Task item → Beginning at the line that includes "Task: Click on the text" in the entries below, print each line exactly as it appears, through the last one.

Records →

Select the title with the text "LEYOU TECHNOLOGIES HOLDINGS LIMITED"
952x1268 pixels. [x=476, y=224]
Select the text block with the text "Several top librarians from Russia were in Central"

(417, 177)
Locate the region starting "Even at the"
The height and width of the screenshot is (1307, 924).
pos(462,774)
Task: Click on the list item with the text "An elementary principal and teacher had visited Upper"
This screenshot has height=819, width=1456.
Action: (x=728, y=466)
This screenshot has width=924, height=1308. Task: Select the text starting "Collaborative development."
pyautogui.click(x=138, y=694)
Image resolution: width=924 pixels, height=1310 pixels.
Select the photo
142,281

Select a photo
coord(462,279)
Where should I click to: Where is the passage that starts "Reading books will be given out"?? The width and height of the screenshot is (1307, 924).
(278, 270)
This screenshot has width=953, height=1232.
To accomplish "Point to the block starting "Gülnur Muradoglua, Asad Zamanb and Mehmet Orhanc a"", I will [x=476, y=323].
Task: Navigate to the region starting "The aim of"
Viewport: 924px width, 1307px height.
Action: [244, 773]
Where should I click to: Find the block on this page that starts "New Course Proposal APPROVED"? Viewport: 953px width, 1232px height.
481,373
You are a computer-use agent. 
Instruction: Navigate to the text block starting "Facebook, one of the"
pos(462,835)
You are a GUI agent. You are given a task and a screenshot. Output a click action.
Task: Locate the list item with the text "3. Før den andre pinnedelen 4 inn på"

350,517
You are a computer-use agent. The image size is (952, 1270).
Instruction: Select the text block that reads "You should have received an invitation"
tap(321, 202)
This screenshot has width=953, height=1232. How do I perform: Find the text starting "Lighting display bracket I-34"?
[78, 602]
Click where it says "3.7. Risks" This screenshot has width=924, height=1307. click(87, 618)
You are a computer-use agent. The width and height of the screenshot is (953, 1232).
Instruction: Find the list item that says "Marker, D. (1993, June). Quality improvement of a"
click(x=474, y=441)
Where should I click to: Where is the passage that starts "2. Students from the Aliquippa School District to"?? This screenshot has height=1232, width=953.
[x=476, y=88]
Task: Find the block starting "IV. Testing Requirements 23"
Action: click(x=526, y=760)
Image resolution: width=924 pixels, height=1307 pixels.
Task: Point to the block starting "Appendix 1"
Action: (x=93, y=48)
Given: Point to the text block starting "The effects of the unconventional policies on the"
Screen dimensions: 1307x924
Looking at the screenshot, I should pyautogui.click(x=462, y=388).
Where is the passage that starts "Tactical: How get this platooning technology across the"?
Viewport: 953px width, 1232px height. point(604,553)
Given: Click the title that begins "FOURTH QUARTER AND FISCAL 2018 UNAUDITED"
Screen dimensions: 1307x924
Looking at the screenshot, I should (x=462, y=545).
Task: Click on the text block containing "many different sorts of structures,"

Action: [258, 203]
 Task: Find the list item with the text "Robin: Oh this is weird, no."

Written reply →
Task: Click on the text block containing "many different sorts of structures,"

Action: [258, 203]
 Task: Find the list item with the text "Robin: Oh this is weird, no."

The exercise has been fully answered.